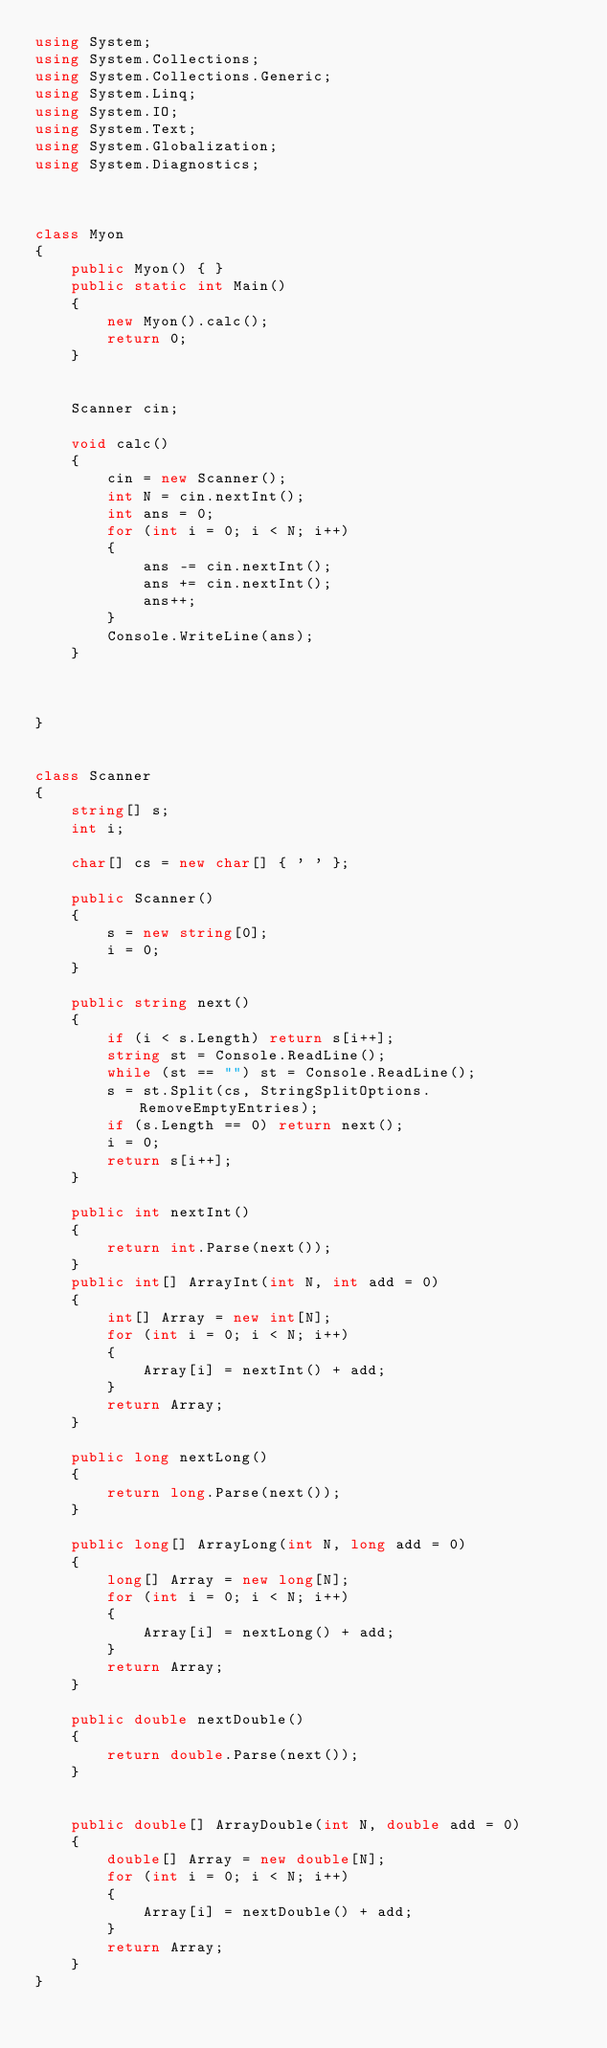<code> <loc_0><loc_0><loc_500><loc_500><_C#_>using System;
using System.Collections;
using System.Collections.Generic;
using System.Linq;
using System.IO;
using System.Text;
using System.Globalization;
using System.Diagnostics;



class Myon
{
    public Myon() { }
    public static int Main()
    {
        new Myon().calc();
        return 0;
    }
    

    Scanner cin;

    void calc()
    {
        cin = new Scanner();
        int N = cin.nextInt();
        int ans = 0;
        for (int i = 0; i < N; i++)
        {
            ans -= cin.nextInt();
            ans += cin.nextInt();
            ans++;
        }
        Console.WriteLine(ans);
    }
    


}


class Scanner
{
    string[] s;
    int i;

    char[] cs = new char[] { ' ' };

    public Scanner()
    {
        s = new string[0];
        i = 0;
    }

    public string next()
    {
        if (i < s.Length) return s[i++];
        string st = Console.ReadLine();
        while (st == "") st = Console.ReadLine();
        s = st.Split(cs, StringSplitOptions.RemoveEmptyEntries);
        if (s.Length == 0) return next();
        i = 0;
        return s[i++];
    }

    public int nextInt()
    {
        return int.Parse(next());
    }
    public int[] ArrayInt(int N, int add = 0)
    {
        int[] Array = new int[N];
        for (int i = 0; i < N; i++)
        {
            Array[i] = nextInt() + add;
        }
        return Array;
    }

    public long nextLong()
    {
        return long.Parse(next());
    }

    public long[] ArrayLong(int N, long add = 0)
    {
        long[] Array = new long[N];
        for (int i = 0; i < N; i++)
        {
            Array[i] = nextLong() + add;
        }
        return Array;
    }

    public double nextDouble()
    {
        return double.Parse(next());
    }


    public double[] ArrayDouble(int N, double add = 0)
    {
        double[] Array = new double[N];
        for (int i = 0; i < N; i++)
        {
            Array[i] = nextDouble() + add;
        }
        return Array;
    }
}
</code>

...

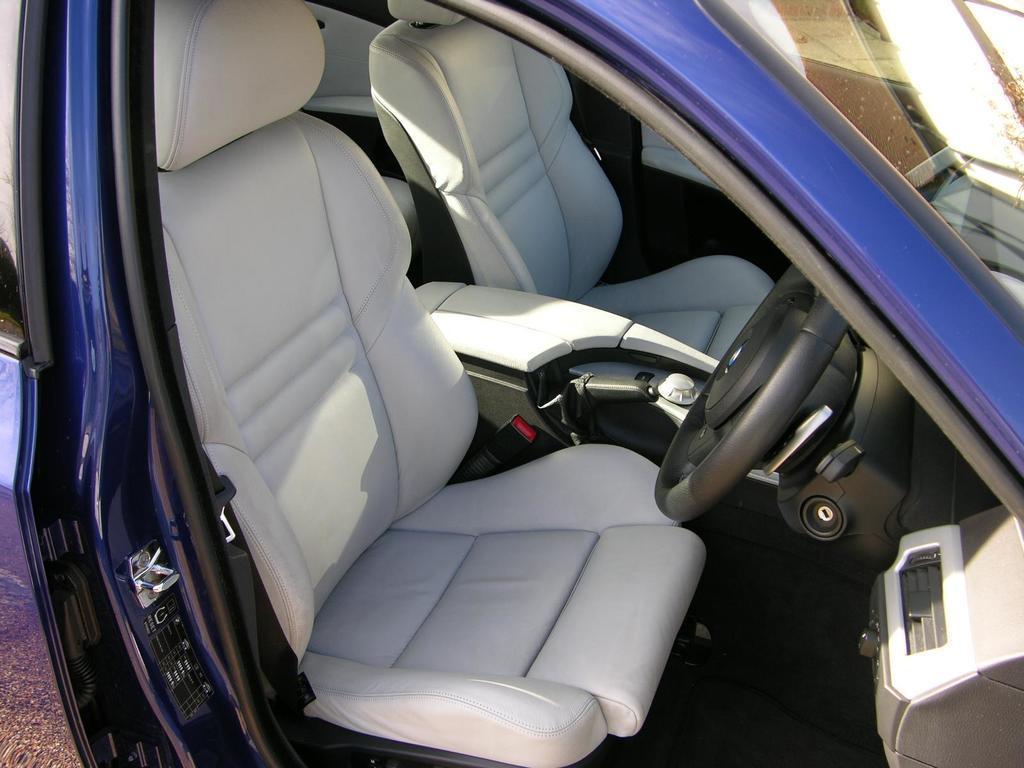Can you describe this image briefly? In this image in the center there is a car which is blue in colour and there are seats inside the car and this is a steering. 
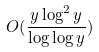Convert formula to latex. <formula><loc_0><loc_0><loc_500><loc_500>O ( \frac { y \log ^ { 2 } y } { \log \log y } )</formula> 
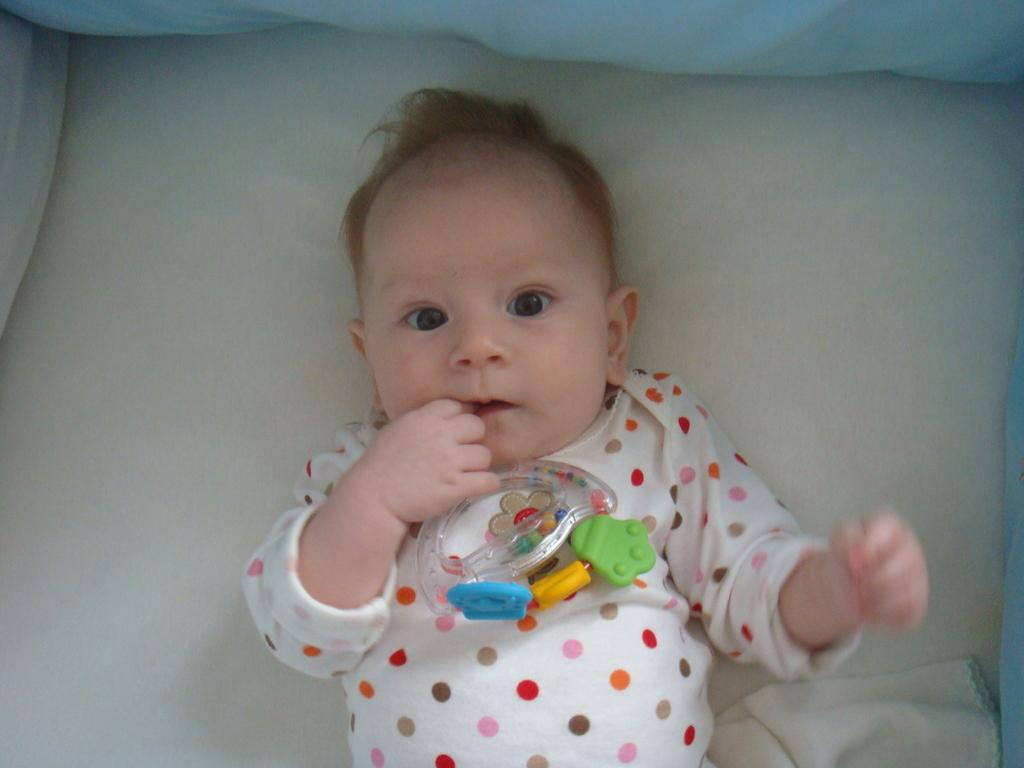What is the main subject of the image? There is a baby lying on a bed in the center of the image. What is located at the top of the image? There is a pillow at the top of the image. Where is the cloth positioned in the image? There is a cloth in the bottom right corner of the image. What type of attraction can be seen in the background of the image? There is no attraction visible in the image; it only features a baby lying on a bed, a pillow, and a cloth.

* **WORK TO BE COMPLETED**
The output is the stretch above from the line with "<code> <loc_0><loc_0><loc_500><loc_500><_C#_>using System;" through the line with "new Myon().calc();", copied word for word with both ends kept and every picture dropped.

* **OUTPUT OF THE EXERCISE**
<code> <loc_0><loc_0><loc_500><loc_500><_C#_>using System;
using System.Collections;
using System.Collections.Generic;
using System.Linq;
using System.IO;
using System.Text;
using System.Globalization;
using System.Diagnostics;



class Myon
{
    public Myon() { }
    public static int Main()
    {
        new Myon().calc();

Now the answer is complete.